Start of Data

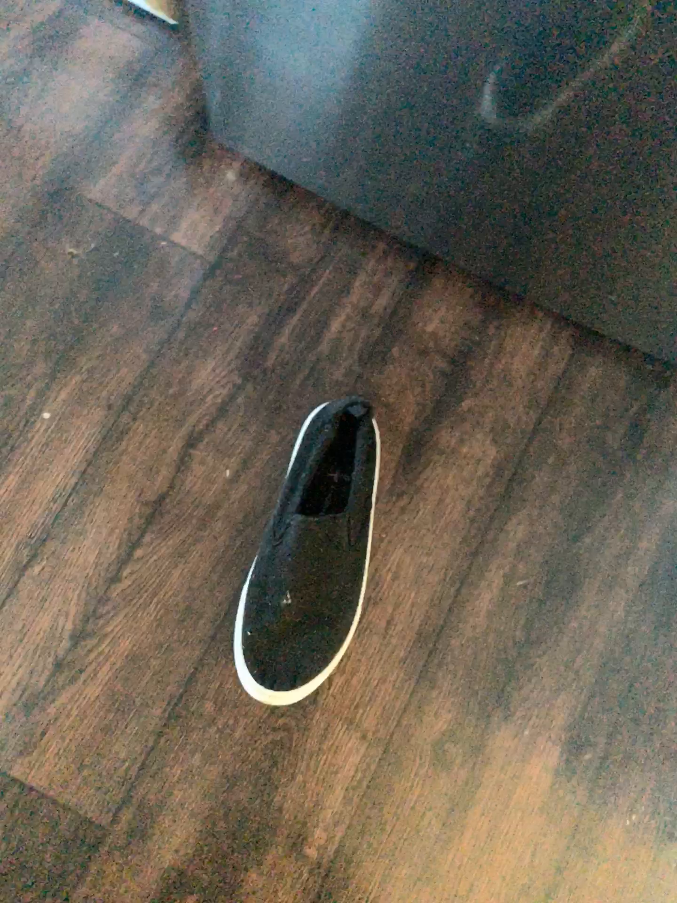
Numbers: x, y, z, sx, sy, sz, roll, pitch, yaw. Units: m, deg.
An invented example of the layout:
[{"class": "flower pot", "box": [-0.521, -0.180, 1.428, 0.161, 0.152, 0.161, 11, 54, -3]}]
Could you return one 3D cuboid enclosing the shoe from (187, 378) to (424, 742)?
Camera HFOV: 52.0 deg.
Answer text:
[{"class": "shoe", "box": [-0.022, 0.079, 0.536, 0.100, 0.080, 0.239, 18, 78, 0]}]
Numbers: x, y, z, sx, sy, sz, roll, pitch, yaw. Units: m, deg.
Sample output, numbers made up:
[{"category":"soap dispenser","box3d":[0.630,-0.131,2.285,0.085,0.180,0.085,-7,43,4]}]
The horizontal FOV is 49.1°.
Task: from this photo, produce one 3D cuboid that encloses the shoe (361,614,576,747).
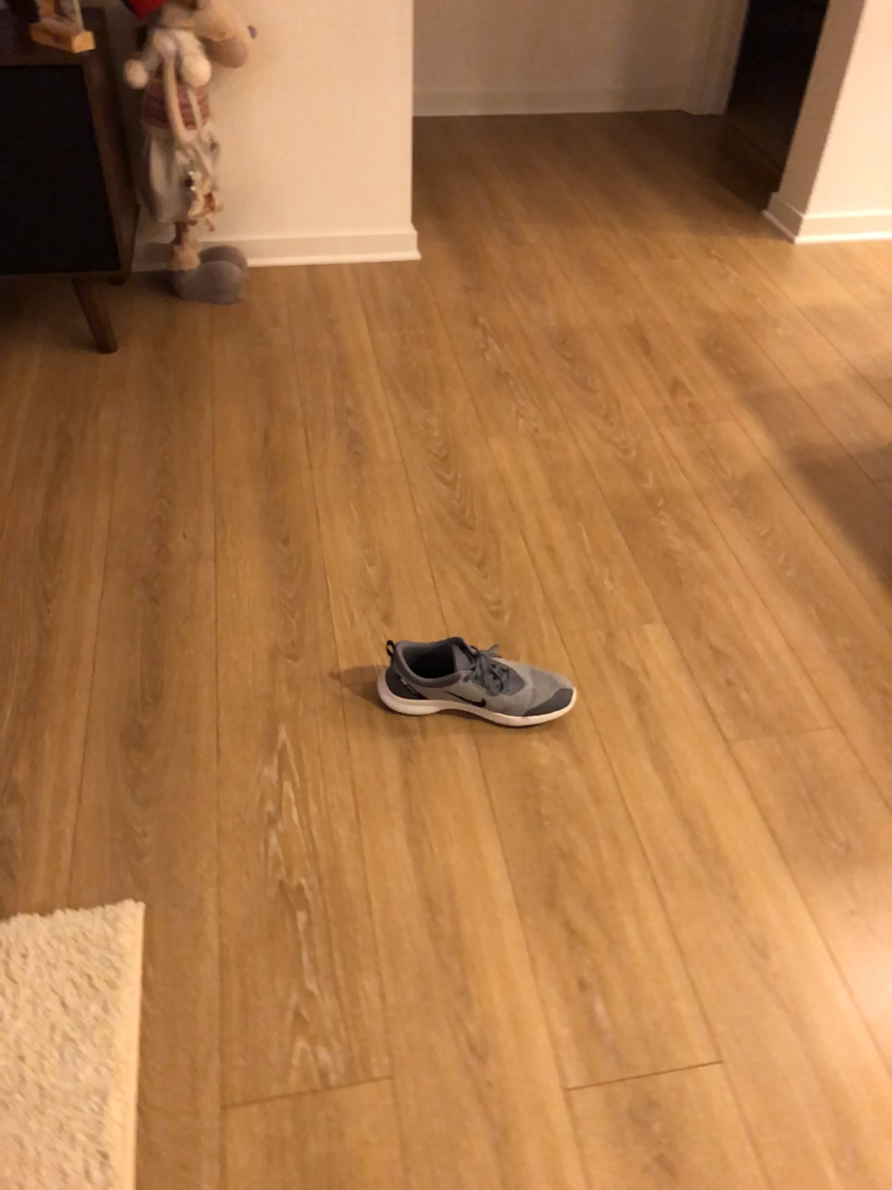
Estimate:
[{"category":"shoe","box3d":[0.036,0.125,1.448,0.300,0.089,0.141,6,42,3]}]
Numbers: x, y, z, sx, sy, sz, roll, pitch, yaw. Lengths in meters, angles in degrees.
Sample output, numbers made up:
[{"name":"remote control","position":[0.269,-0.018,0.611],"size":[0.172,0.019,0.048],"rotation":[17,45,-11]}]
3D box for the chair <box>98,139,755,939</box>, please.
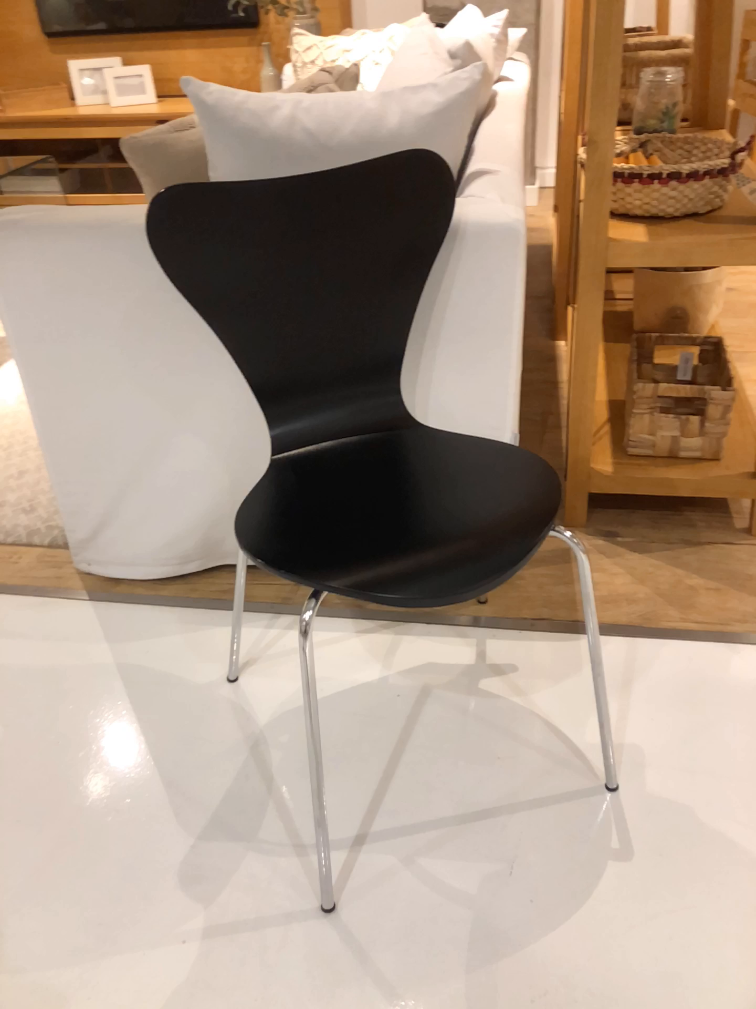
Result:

End of Data

Output the listing above exactly, pictures omitted.

Numbers: x, y, z, sx, sy, sz, roll, pitch, yaw. Units: m, deg.
An invented example of the layout:
[{"class": "flower pot", "box": [-0.521, -0.180, 1.428, 0.161, 0.152, 0.161, 11, 54, -3]}]
Could you return one 3D cuboid enclosing the shoe from (187, 378) to (424, 742)?
Camera HFOV: 52.0 deg.
Answer text:
[{"class": "shoe", "box": [-0.022, 0.079, 0.536, 0.100, 0.080, 0.239, 18, 78, 0]}]
Numbers: x, y, z, sx, sy, sz, roll, pitch, yaw. Units: m, deg.
Sample output, numbers made up:
[{"category":"soap dispenser","box3d":[0.630,-0.131,2.285,0.085,0.180,0.085,-7,43,4]}]
The horizontal FOV is 49.1°.
Task: from this photo, produce one 3D cuboid that encloses the shoe (361,614,576,747).
Estimate:
[{"category":"shoe","box3d":[0.036,0.125,1.448,0.300,0.089,0.141,6,42,3]}]
Numbers: x, y, z, sx, sy, sz, roll, pitch, yaw. Lengths in meters, angles in degrees.
Sample output, numbers made up:
[{"name":"remote control","position":[0.269,-0.018,0.611],"size":[0.172,0.019,0.048],"rotation":[17,45,-11]}]
3D box for the chair <box>98,139,755,939</box>, please.
Result:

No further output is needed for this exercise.